**TASK TO COMPLETE:** Copy, from the entries below, each line in which the string "Point" appears.

**DATASET RECORDS:**
'''

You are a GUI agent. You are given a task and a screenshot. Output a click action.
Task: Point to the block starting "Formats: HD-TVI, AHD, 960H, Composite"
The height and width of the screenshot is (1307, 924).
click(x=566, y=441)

'''
'''

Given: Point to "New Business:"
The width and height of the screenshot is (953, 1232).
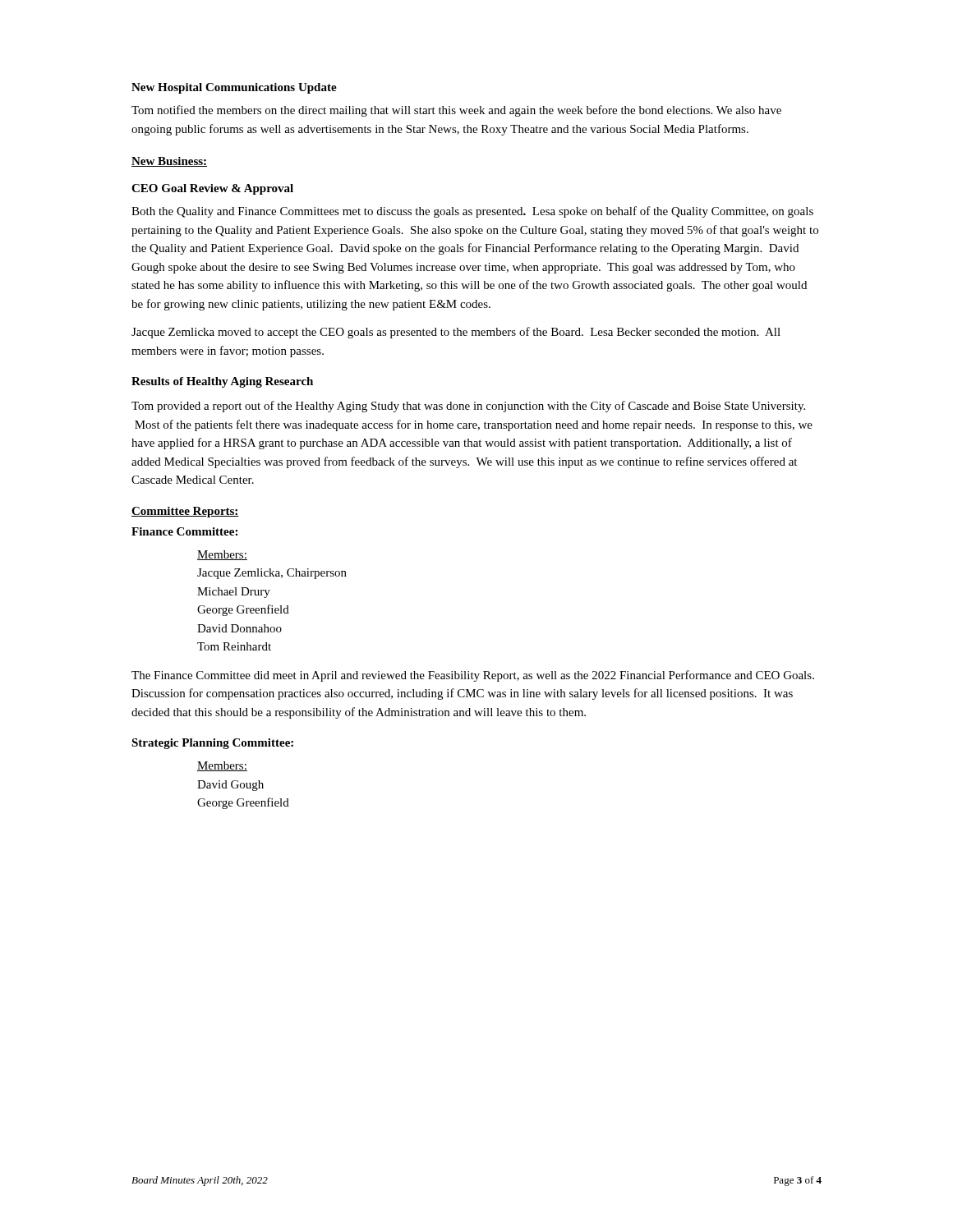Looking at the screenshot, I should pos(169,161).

'''

**RESULT FOR THIS EXERCISE:**
Task: Point to the block starting "Formats: HD-TVI, AHD, 960H, Composite"
Given: Point to "New Business:"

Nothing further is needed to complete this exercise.